It can be helpful to present data in tables, rather than text,
especially when you need to refer to the same data in different parts of
a report. Although tables can be produced manually using a word
processor, generating them directly from your data ensures they are
up-to-date, and reduces copy-paste errors. This worksheet explains how
to use R
to produce some of the types of table used to
report psychological research.
To prepare for this worksheet:
Open the rminr-data
project we used previously.
If you don’t see a folder named going-further
, it
means you created your project before the data required for
this worksheet was added to the rminr-data
git repository.
You can get the latest files by asking git to “pull
” the
repository. Select the Git
tab, which is located in the row
of tabs which includes the Environment
tab. Click the
Pull
button with a downward pointing arrow. A window will
open showing the files which have been pulled from the repository. Close
the Git pull
window.
Open the Files
tab. The going-further
folder should contain the file
picture-naming-preproc.csv
.
Create a script named tables.R
in the
rminr-data
folder (the folder above
going-further
). Add the comments and code to this script as
you work through each section of the worksheet.
We’ll start by producing a correlation matrix. A correlation matrix shows correlations between all combinations of a set of variables, which is often required in research reports. We’ll demonstrate an easy way to produce correlation matrices, with APA styling, in a format that can be read by Microsoft Word or LibreOffice Writer. A similar approach can be used to produce other common table types.
We’ll generate a correlation matrix using the attitude
dataset, which is included with R
. These data are the
percentage of favourable attitudes given by employees, in relation to
seven questions regarding their department (you can find out a bit more
about these data by typing ?attitude
). Here are the first
few rows of the data frame:
rating | complaints | privileges | learning | raises | critical | advance |
---|---|---|---|---|---|---|
43 | 51 | 30 | 39 | 61 | 92 | 45 |
63 | 64 | 51 | 54 | 63 | 73 | 47 |
71 | 70 | 68 | 69 | 76 | 86 | 48 |
61 | 63 | 45 | 47 | 54 | 84 | 35 |
81 | 78 | 56 | 66 | 71 | 83 | 47 |
We’ll use the apaTables
package to generate the
correlation matrix.
Enter these comments and commands into your script, and run them:
# Better tables
# Clear the environment
rm(list = ls())
# Load 'apaTables' package
library(apaTables)
# Create an APA correlation matrix from the 'attitude' dataset, into file 'table1.doc'
apa.cor.table(attitude, filename = "table1.doc", table.number = 1)
Table 1
Means, standard deviations, and correlations with confidence intervals
Variable M SD 1 2 3 4 5 6
1. rating 64.63 12.17
2. complaints 66.60 13.31 .83**
[.66, .91]
3. privileges 53.13 12.24 .43* .56**
[.08, .68] [.25, .76]
4. learning 56.37 11.74 .62** .60** .49**
[.34, .80] [.30, .79] [.16, .72]
5. raises 64.63 10.40 .59** .67** .45* .64**
[.29, .78] [.41, .83] [.10, .69] [.36, .81]

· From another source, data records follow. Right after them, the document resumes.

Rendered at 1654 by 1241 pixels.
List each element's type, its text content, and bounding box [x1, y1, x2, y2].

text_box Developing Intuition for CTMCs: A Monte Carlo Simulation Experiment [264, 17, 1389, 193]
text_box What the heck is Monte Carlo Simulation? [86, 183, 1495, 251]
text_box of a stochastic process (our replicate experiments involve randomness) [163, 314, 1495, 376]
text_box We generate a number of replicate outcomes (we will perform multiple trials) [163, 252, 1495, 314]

6. critical 74.77 9.89 .16 .19 .15 .12 .38*
[-.22, .49] [-.19, .51] [-.22, .48] [-.25, .46] [.02, .65]
7. advance 42.93 10.29 .16 .22 .34 .53** .57** .28
[-.22, .49] [-.15, .54] [-.02, .63] [.21, .75] [.27, .77] [-.09, .58]
Note. M and SD are used to represent mean and standard deviation, respectively.

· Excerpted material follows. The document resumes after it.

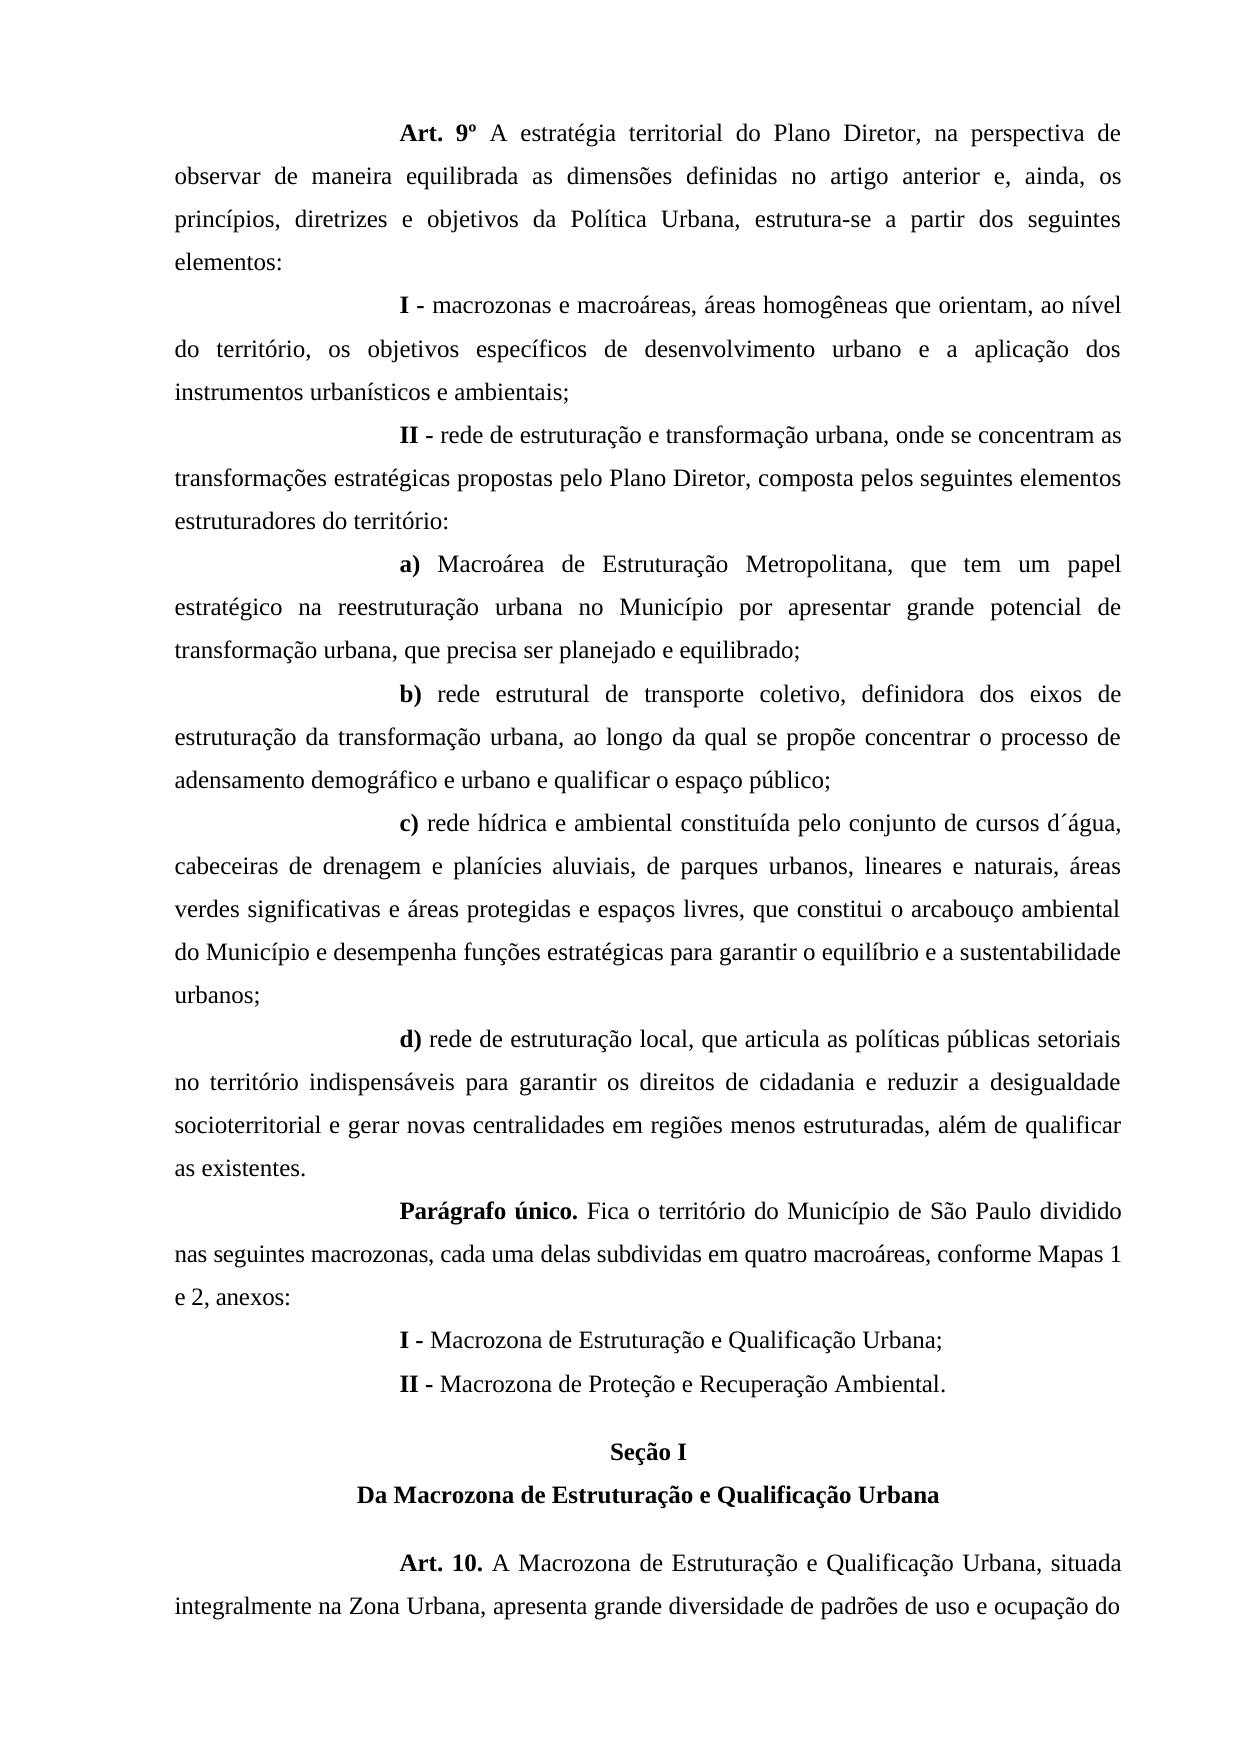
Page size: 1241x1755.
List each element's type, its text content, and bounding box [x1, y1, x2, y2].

Values in square brackets indicate the 95% confidence interval.
The confidence interval is a plausible range of population correlations
that could have caused the sample correlation (Cumming, 2014).
* indicates p < .05. ** indicates p < .01.
Explanation of commands:
We load the apaTables
package.The function to generate a
correlation matrix is apa.cor.table()
. We pass the
attitude
data frame as the first argument, and use
filename
to specify that the output should be saved in the
file table1.doc
. The table.number
argument
sets the number in the table heading output, in this case “Table 1”. If
you omit this argument, the text will be “Table XX”.
Explanation of output:
Export
table1.doc
from RStudio and open it using a word
processor
The first thing to notice is that the styling (spacing, use of italics, horizontal lines, positioning of captions and footnotes etc.) complies with the APA guidelines for tables.

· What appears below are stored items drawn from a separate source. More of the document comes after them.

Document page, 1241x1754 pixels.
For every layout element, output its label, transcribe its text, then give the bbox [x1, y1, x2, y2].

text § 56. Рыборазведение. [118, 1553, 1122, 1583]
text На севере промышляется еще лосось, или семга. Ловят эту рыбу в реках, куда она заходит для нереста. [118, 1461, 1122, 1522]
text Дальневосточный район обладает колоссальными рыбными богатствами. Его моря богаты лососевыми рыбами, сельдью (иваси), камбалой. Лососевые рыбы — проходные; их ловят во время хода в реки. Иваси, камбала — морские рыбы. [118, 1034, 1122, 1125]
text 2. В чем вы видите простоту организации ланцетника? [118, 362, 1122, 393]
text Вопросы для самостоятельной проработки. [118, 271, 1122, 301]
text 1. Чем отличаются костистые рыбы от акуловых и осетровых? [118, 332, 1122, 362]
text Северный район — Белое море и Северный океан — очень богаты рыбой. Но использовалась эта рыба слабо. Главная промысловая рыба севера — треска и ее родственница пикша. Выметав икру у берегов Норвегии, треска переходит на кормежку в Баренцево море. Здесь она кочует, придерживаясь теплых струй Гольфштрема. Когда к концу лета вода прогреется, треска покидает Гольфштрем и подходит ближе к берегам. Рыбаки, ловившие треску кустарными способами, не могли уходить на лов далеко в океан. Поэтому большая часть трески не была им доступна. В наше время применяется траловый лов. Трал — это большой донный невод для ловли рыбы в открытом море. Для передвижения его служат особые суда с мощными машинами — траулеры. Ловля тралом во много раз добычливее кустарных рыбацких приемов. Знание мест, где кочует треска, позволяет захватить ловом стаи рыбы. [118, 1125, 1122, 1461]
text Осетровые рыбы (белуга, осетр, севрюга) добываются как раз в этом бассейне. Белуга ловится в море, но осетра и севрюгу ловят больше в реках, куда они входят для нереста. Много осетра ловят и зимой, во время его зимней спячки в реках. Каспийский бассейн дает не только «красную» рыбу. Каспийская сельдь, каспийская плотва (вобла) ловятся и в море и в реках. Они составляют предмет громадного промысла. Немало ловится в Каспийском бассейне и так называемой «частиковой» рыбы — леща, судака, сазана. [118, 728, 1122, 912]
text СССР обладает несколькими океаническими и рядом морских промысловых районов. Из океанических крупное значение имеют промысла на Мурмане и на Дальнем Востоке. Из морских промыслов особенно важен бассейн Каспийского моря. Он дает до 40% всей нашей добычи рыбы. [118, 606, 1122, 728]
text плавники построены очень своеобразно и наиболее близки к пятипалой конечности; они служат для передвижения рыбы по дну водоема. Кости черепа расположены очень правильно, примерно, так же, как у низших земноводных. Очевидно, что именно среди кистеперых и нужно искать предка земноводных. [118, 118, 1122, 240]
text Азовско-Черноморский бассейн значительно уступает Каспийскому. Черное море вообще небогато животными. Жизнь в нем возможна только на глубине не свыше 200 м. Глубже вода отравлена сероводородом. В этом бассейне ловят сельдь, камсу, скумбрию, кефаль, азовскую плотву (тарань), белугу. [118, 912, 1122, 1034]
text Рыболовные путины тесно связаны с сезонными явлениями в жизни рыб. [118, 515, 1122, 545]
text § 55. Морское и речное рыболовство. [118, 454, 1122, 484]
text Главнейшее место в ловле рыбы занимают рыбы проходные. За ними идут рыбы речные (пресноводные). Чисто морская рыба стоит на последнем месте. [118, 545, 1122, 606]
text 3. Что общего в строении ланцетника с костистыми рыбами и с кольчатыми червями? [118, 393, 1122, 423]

The table number and caption is above the table itself - you will need to edit the caption by hand to make it more meaningful, for example “Means, standard deviations, and correlations with confidence intervals, for the attitude measures of Study 1”.
The Variable
column contains a number and the column
name for the seven attitude variables. The next two columns show the
mean and standard deviation for each variable. The remaining columns use
the numbers from items in the Variable
column as headings,
indicating that they refer to the same variable. The cells show the
correlation between the column variables and each of the variables in
the rows. Cells are left empty where a variable would otherwise be
correlated with itself. The 95% confidence
interval for the correlation is shown in square brackets.
For example, the correlation between rating
and
complaints
in this sample is .83. The confidence interval
indicates that the population value is likely to be between .66 and
.91.
Evidence for the correlation is calculated using traditional
statistics, rather than the Bayes factors described in the Relationships, part 2 worksheet. One asterisk
(*
) indicates p < .05
. Two asterisks
(**
) signify p < .01
. These calculations
assumed a two-tailed test; one-tailed tests for correlations are
explained in the More on relationships,
part 2 worksheet. Also recall that p-values are widely misinterpreted, so it would be
better to edit this part of the table by hand to reflect Bayes Factors you have already calculated.
We suggest using *
for BF > 3, **
for BF
> 10, o
for BF < 0.33, and oo
for BF
< 0.1. Change the text at the bottom of the table accordingly.
For this exercise, we’ll load some data from a study which measured aspects of participants’ personality.
Enter these comments and commands into your script, and run them:
# Exercise 1
# Load tidyverse
library(tidyverse)
#Load data into 'big5'
big5 <- read_csv('case-studies/jon-may/big5_total.csv')
The first few rows show that the scale used measured the ‘big 5’ personality factors; openness to experience, conscientiousness, extroversion, agreeableness and neuroticism (OCEAN).
subj | openness | conscientiousness | extraversion | agreeableness | neuroticism |
---|---|---|---|---|---|
1 | 29 | 28 | 14 | 36 | 20 |
2 | 22 | 22 | 28 | 28 | 26 |
3 | 33 | 33 | 21 | 37 | 25 |
4 | 17 | 34 | 14 | 39 | 13 |
5 | 27 | 27 | 30 | 40 | 25 |
Create a correlation matrix for the five personality factors. Number
the table as “Table 2”, and save the results in table2.doc
.
Your table should look like this in Rstudio:
Table 2
Means, standard deviations, and correlations with confidence intervals
Variable M SD 1 2 3 4
1. openness 23.15 6.78
2. conscientiousness 25.10 7.23 .15
[-.14, .42]
3. extraversion 21.50 7.86 .27 -.01
[-.02, .51] [-.29, .28]
4. agreeableness 33.54 4.55 .27 .20 .43**
[-.01, .52] [-.09, .46] [.17, .64]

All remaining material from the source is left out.